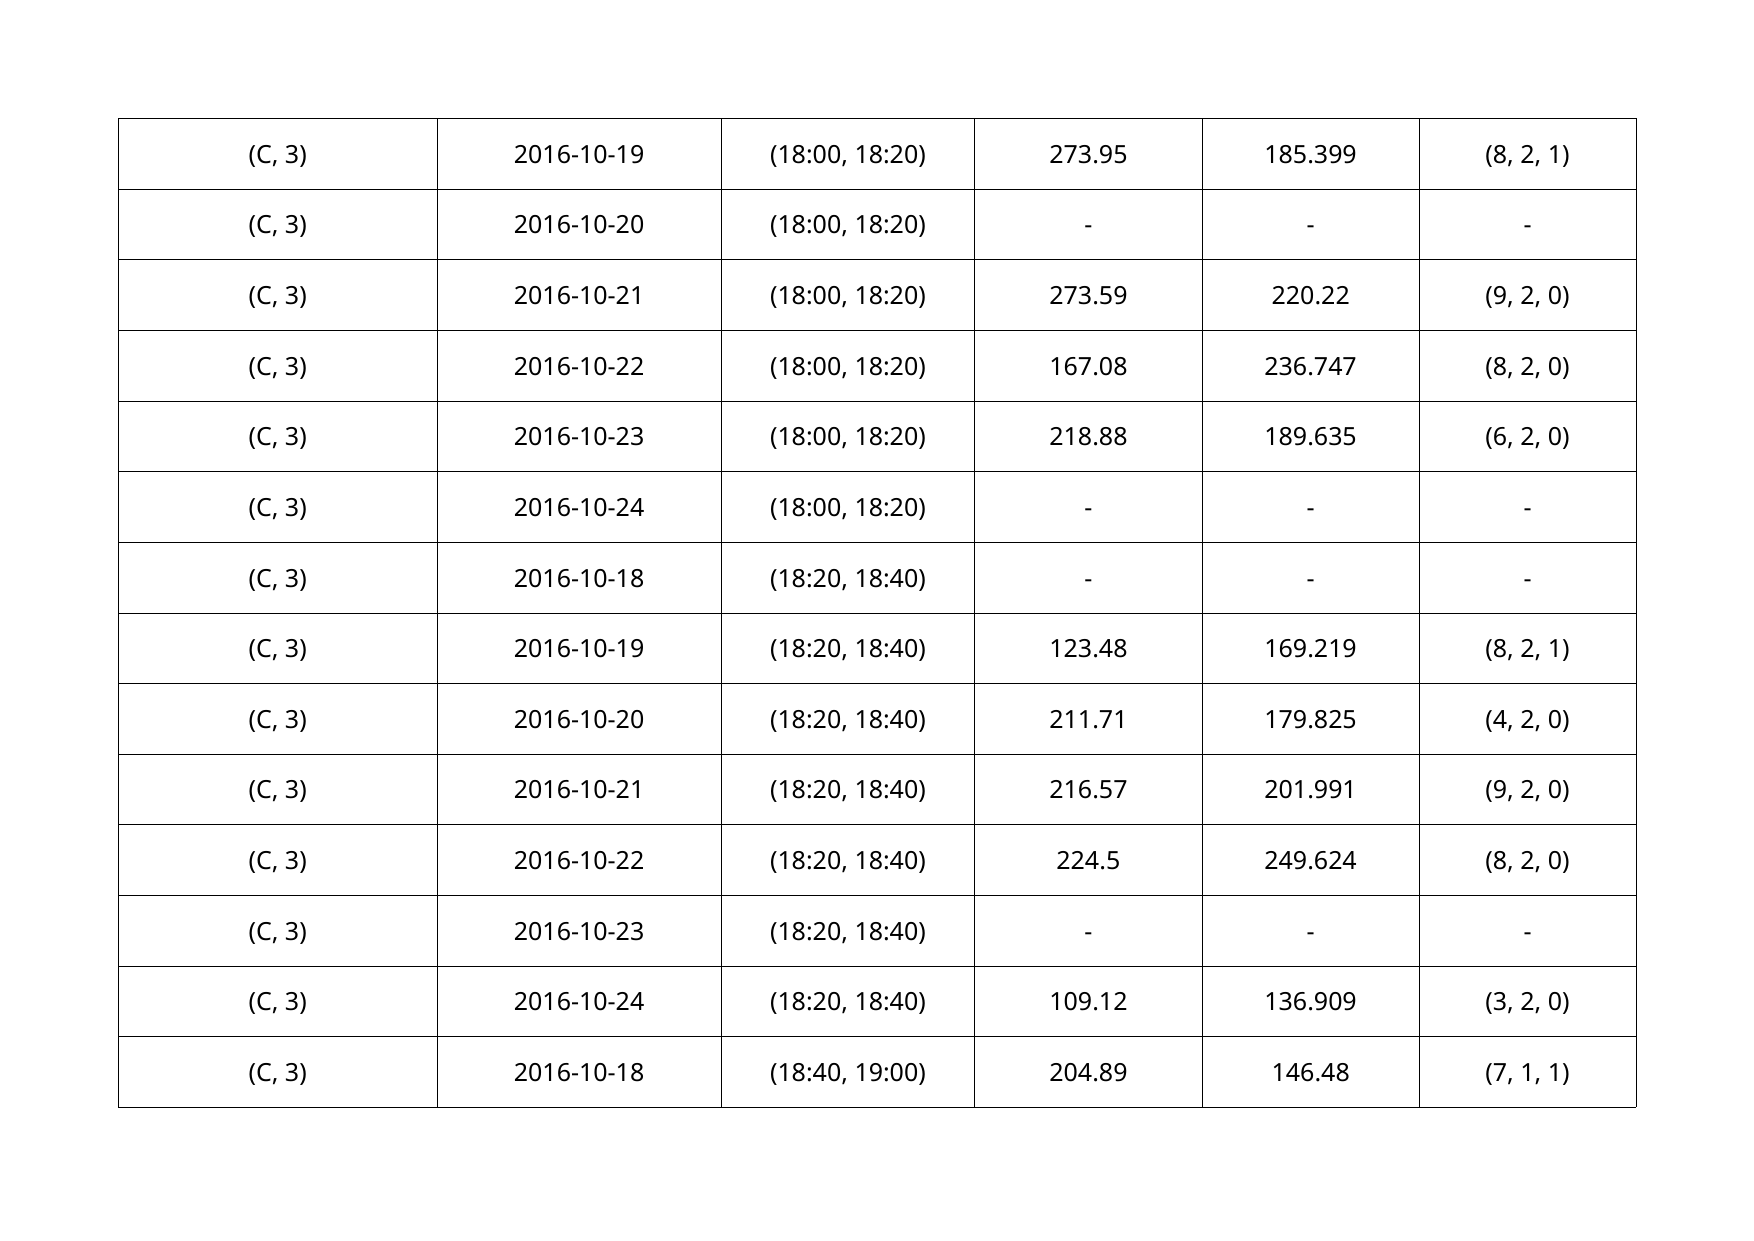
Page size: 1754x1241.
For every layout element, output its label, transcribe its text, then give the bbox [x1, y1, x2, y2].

table_cell (4, 2, 0) [1420, 684, 1636, 754]
table_cell 169.219 [1203, 614, 1419, 683]
table_cell (C, 3) [119, 825, 437, 895]
table_cell (18:20, 18:40) [722, 825, 974, 895]
table_cell 2016-10-19 [438, 119, 721, 189]
table_cell (18:20, 18:40) [722, 614, 974, 683]
table_cell (18:40, 19:00) [722, 1037, 974, 1107]
table_cell (3, 2, 0) [1420, 967, 1636, 1036]
table_cell (18:00, 18:20) [722, 402, 974, 471]
table_cell 2016-10-23 [438, 402, 721, 471]
table_cell 167.08 [975, 331, 1202, 401]
table_cell - [975, 896, 1202, 966]
table_cell 2016-10-22 [438, 331, 721, 401]
table_cell 2016-10-18 [438, 543, 721, 612]
table_cell - [1420, 472, 1636, 542]
table_cell 123.48 [975, 614, 1202, 683]
table_cell (C, 3) [119, 967, 437, 1036]
table_cell 2016-10-20 [438, 190, 721, 259]
table_cell (C, 3) [119, 1037, 437, 1107]
table_cell 185.399 [1203, 119, 1419, 189]
table_cell (C, 3) [119, 684, 437, 754]
table_cell 220.22 [1203, 260, 1419, 330]
table_cell (8, 2, 1) [1420, 614, 1636, 683]
table_cell 236.747 [1203, 331, 1419, 401]
table_cell - [1420, 543, 1636, 612]
table_cell (18:00, 18:20) [722, 331, 974, 401]
table_cell - [975, 543, 1202, 612]
table_cell (C, 3) [119, 896, 437, 966]
table_cell 2016-10-23 [438, 896, 721, 966]
table_cell 2016-10-21 [438, 260, 721, 330]
table_cell 109.12 [975, 967, 1202, 1036]
table_cell 204.89 [975, 1037, 1202, 1107]
table_cell (C, 3) [119, 543, 437, 612]
table_cell 179.825 [1203, 684, 1419, 754]
table_cell 2016-10-20 [438, 684, 721, 754]
table_cell 136.909 [1203, 967, 1419, 1036]
table_cell (18:00, 18:20) [722, 260, 974, 330]
table_cell (18:20, 18:40) [722, 967, 974, 1036]
table_cell (C, 3) [119, 755, 437, 824]
table_cell (C, 3) [119, 190, 437, 259]
table_cell (8, 2, 1) [1420, 119, 1636, 189]
table_cell - [1203, 190, 1419, 259]
table_cell 2016-10-19 [438, 614, 721, 683]
table_cell (C, 3) [119, 331, 437, 401]
table_cell - [975, 190, 1202, 259]
table_cell (C, 3) [119, 119, 437, 189]
table_cell (C, 3) [119, 472, 437, 542]
table_cell (8, 2, 0) [1420, 331, 1636, 401]
table_cell 146.48 [1203, 1037, 1419, 1107]
table_cell 2016-10-18 [438, 1037, 721, 1107]
table_cell (18:20, 18:40) [722, 755, 974, 824]
table_cell 201.991 [1203, 755, 1419, 824]
table_cell - [1203, 543, 1419, 612]
table_cell (C, 3) [119, 402, 437, 471]
table_cell (C, 3) [119, 260, 437, 330]
table_cell (7, 1, 1) [1420, 1037, 1636, 1107]
table_cell 273.95 [975, 119, 1202, 189]
table_cell (6, 2, 0) [1420, 402, 1636, 471]
table_cell (18:00, 18:20) [722, 472, 974, 542]
table_cell - [975, 472, 1202, 542]
table_cell (18:20, 18:40) [722, 896, 974, 966]
table_cell 2016-10-21 [438, 755, 721, 824]
table_cell - [1203, 896, 1419, 966]
table_cell (18:00, 18:20) [722, 119, 974, 189]
table_cell (18:20, 18:40) [722, 543, 974, 612]
table_cell (18:00, 18:20) [722, 190, 974, 259]
table_cell - [1203, 472, 1419, 542]
table_cell 2016-10-24 [438, 967, 721, 1036]
table_cell 218.88 [975, 402, 1202, 471]
table_cell 273.59 [975, 260, 1202, 330]
table_cell (C, 3) [119, 614, 437, 683]
table_cell (9, 2, 0) [1420, 260, 1636, 330]
table_cell 2016-10-24 [438, 472, 721, 542]
table_cell (9, 2, 0) [1420, 755, 1636, 824]
table_cell 224.5 [975, 825, 1202, 895]
table_cell 189.635 [1203, 402, 1419, 471]
table_cell (18:20, 18:40) [722, 684, 974, 754]
table_cell 2016-10-22 [438, 825, 721, 895]
table_cell (8, 2, 0) [1420, 825, 1636, 895]
table_cell - [1420, 190, 1636, 259]
table_cell - [1420, 896, 1636, 966]
table_cell 216.57 [975, 755, 1202, 824]
table_cell 249.624 [1203, 825, 1419, 895]
table_cell 211.71 [975, 684, 1202, 754]

^^^^^^^^

◆ **WORK REQUEST**
The pictures stay out of the copy. Set down the entries above precisely.

◆ **RESPONSE TO THIS TASK**
Page size: 1754x1241.
For every layout element, output its label, transcribe its text, then give the bbox [x1, y1, x2, y2].

table_cell (4, 2, 0) [1420, 684, 1636, 754]
table_cell 169.219 [1203, 614, 1419, 683]
table_cell (C, 3) [119, 825, 437, 895]
table_cell (18:20, 18:40) [722, 825, 974, 895]
table_cell 2016-10-19 [438, 119, 721, 189]
table_cell (18:20, 18:40) [722, 614, 974, 683]
table_cell (18:40, 19:00) [722, 1037, 974, 1107]
table_cell (3, 2, 0) [1420, 967, 1636, 1036]
table_cell (18:00, 18:20) [722, 402, 974, 471]
table_cell 2016-10-23 [438, 402, 721, 471]
table_cell 167.08 [975, 331, 1202, 401]
table_cell - [975, 896, 1202, 966]
table_cell 2016-10-22 [438, 331, 721, 401]
table_cell 2016-10-18 [438, 543, 721, 612]
table_cell - [1420, 472, 1636, 542]
table_cell 123.48 [975, 614, 1202, 683]
table_cell (C, 3) [119, 967, 437, 1036]
table_cell 2016-10-20 [438, 190, 721, 259]
table_cell (C, 3) [119, 1037, 437, 1107]
table_cell 185.399 [1203, 119, 1419, 189]
table_cell (C, 3) [119, 684, 437, 754]
table_cell 220.22 [1203, 260, 1419, 330]
table_cell (8, 2, 1) [1420, 614, 1636, 683]
table_cell 236.747 [1203, 331, 1419, 401]
table_cell - [1420, 543, 1636, 612]
table_cell (18:00, 18:20) [722, 331, 974, 401]
table_cell - [975, 543, 1202, 612]
table_cell (C, 3) [119, 896, 437, 966]
table_cell 2016-10-23 [438, 896, 721, 966]
table_cell 2016-10-21 [438, 260, 721, 330]
table_cell 109.12 [975, 967, 1202, 1036]
table_cell 204.89 [975, 1037, 1202, 1107]
table_cell (C, 3) [119, 543, 437, 612]
table_cell 179.825 [1203, 684, 1419, 754]
table_cell 2016-10-20 [438, 684, 721, 754]
table_cell 136.909 [1203, 967, 1419, 1036]
table_cell (18:00, 18:20) [722, 260, 974, 330]
table_cell (18:20, 18:40) [722, 967, 974, 1036]
table_cell (C, 3) [119, 755, 437, 824]
table_cell (C, 3) [119, 190, 437, 259]
table_cell (8, 2, 1) [1420, 119, 1636, 189]
table_cell - [1203, 190, 1419, 259]
table_cell 2016-10-19 [438, 614, 721, 683]
table_cell (C, 3) [119, 331, 437, 401]
table_cell - [975, 190, 1202, 259]
table_cell (C, 3) [119, 119, 437, 189]
table_cell (C, 3) [119, 472, 437, 542]
table_cell (8, 2, 0) [1420, 331, 1636, 401]
table_cell 146.48 [1203, 1037, 1419, 1107]
table_cell 2016-10-18 [438, 1037, 721, 1107]
table_cell (18:20, 18:40) [722, 755, 974, 824]
table_cell 201.991 [1203, 755, 1419, 824]
table_cell - [1203, 543, 1419, 612]
table_cell (C, 3) [119, 402, 437, 471]
table_cell (C, 3) [119, 260, 437, 330]
table_cell (7, 1, 1) [1420, 1037, 1636, 1107]
table_cell 273.95 [975, 119, 1202, 189]
table_cell (6, 2, 0) [1420, 402, 1636, 471]
table_cell (18:00, 18:20) [722, 472, 974, 542]
table_cell - [975, 472, 1202, 542]
table_cell (18:20, 18:40) [722, 896, 974, 966]
table_cell 2016-10-21 [438, 755, 721, 824]
table_cell - [1203, 896, 1419, 966]
table_cell (18:00, 18:20) [722, 119, 974, 189]
table_cell (18:20, 18:40) [722, 543, 974, 612]
table_cell (18:00, 18:20) [722, 190, 974, 259]
table_cell - [1203, 472, 1419, 542]
table_cell 2016-10-24 [438, 967, 721, 1036]
table_cell 218.88 [975, 402, 1202, 471]
table_cell 273.59 [975, 260, 1202, 330]
table_cell (C, 3) [119, 614, 437, 683]
table_cell (9, 2, 0) [1420, 260, 1636, 330]
table_cell 2016-10-24 [438, 472, 721, 542]
table_cell (9, 2, 0) [1420, 755, 1636, 824]
table_cell 224.5 [975, 825, 1202, 895]
table_cell 189.635 [1203, 402, 1419, 471]
table_cell (18:20, 18:40) [722, 684, 974, 754]
table_cell 2016-10-22 [438, 825, 721, 895]
table_cell (8, 2, 0) [1420, 825, 1636, 895]
table_cell - [1420, 190, 1636, 259]
table_cell - [1420, 896, 1636, 966]
table_cell 216.57 [975, 755, 1202, 824]
table_cell 249.624 [1203, 825, 1419, 895]
table_cell 211.71 [975, 684, 1202, 754]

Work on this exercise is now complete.